Seja como for, a vitória da Renamo em várias cidades parece um dado adquirido, pelo menos considerando as contagens paralelas dos votos, assim como outras contagens a nível local. Porque, então, a Frelimo tem assim tantas dificuldades em admitir a sua derrota à escala local, que não tem influência directa na vida do governo central? Dificuldades evidenciadas e criticadas por membros influentes do próprio partido, desde Chissano até Graça Machel, desde Samito até Lourenço do Rosário, só para citar alguns deles.

A resposta a esta questão deve ser encontrada, provavelmente, na perspectiva das lutas internas a Frelimo, principalmente em vista das próximas eleições presidenciais. Um partido cujo grupo dirigente entregasse cidades do sul como Maputo, Matola, Vilankulos, além das muitas outras do centro e do norte, seria conotado como um grupo que faliu, e que levou o partido a uma situação de impopularidade tal de arriscar de perder as presidenciais de 2024. Pelo contrário, conceder apenas a vitória na Beira ao MDM representaria um sucesso, se comparado com os resultados das autárquicas anteriores.

As duas perspectivas significariam, no primeiro caso, a necessidade de mudar radicalmente a escolha do ou da candidata presidencial, e no segundo uma linha de continuidade com a actual liderança do partido. No meio desta escolha é possível encontrar interesses, gestão do poder, distribuição de cargos e muito mais que uma ou a outra parte poderá realizar a partir de 2024, provavelmente em detrimento da outra.

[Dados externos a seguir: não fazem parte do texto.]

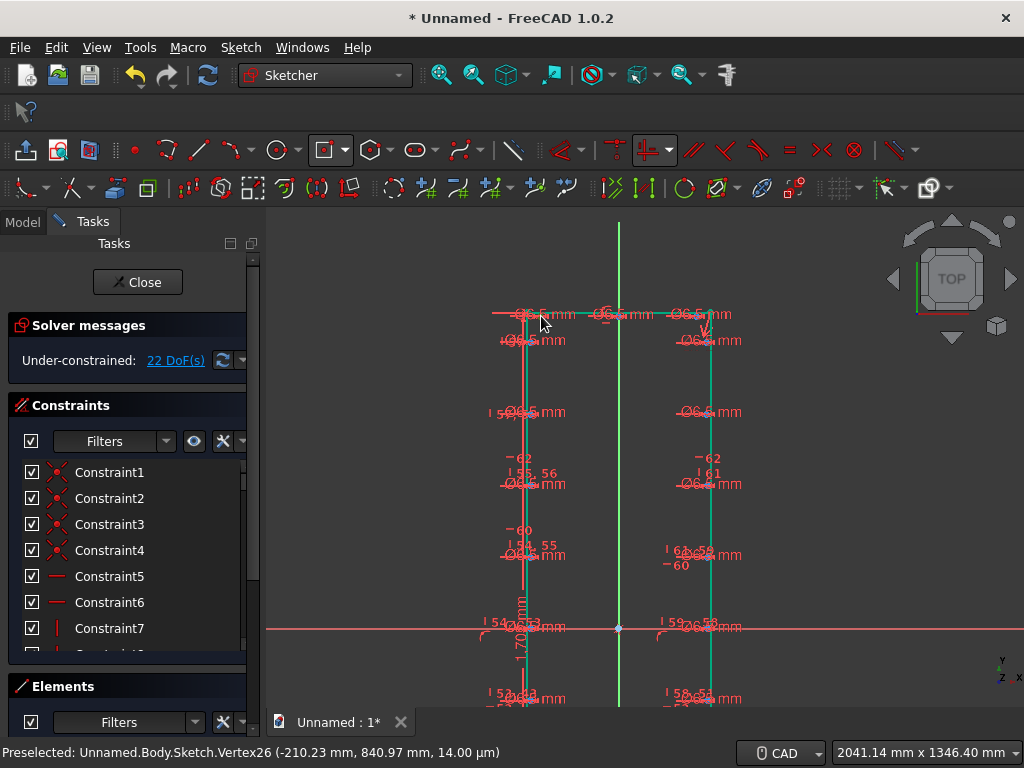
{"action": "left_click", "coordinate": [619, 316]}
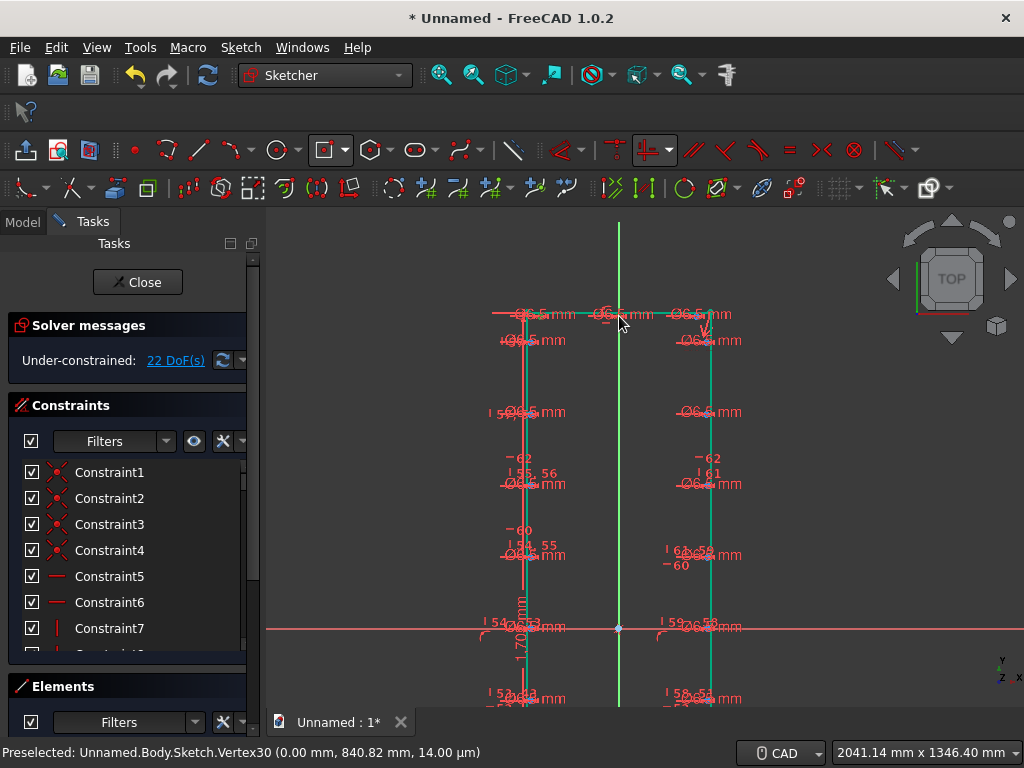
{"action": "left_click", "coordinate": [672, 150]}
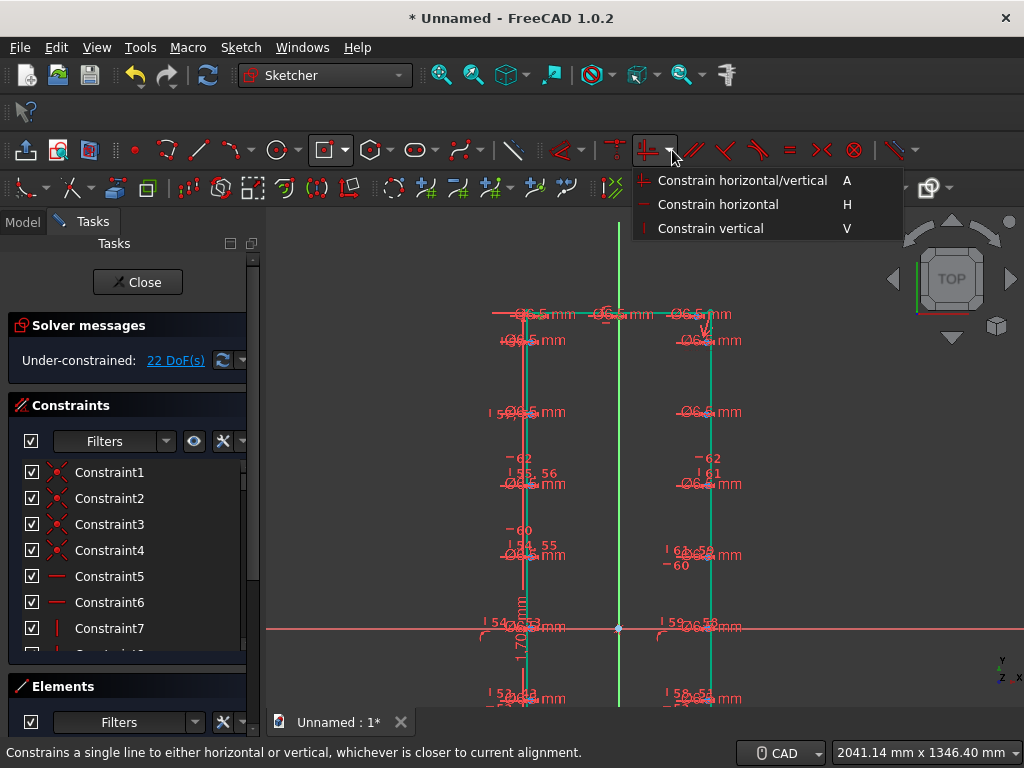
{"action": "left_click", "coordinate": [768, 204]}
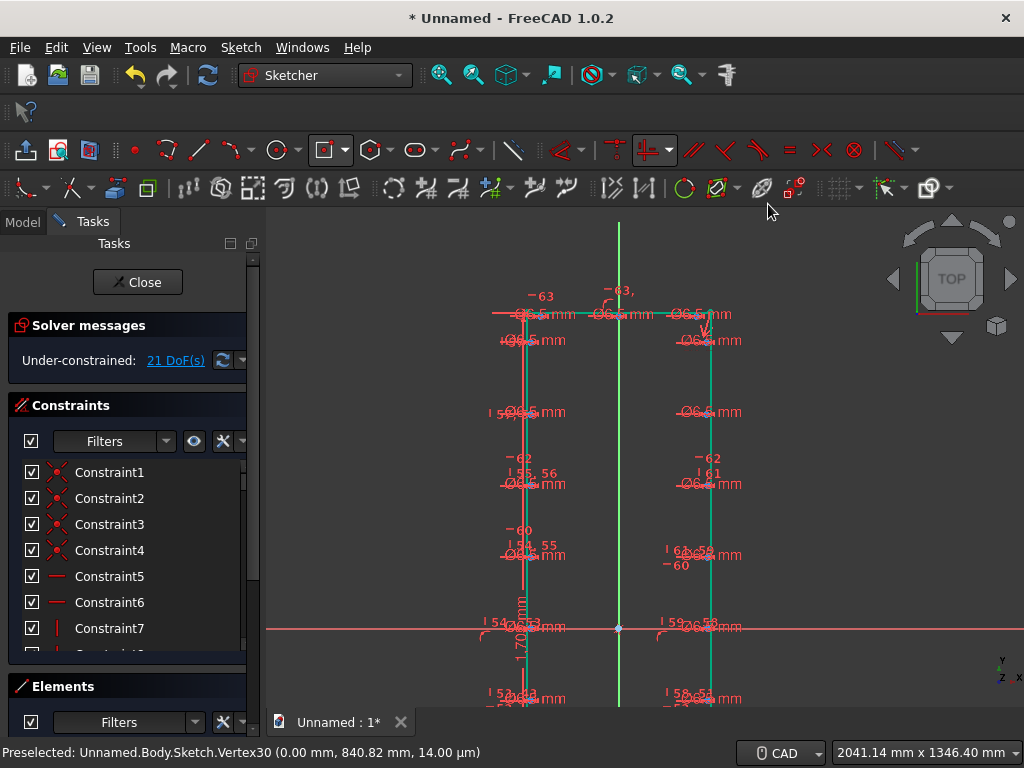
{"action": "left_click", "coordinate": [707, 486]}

Se este é o cenário que incentivou o mecanismo da recusa, por parte do actual grupo dirigente da Frelimo, em deixar a Renamo governar naquelas cidades onde parece que ganhou, a consequência desta disputa vai muito além da simples luta intestina entre grupos internos ao partido no poder. Tal luta está a afectar o funcionamento e a credibilidade das instituições públicas. As declarações de Fernando Mazanga com relação a CNE central demonstram este sentimento de alienação dos próprios membros de tais organismos com relação ao seu funcionamento e imparcialidade.

Projectar numa esfera nacional as lutas internas a um partido, prejudicando o correcto funcionamento do país significa pensar que ainda existe uma sobreposição entre partido e instituições, ao passo que tal distinção já deveria estar clara desde a Constituição de 1990 e suas posteriores alterações.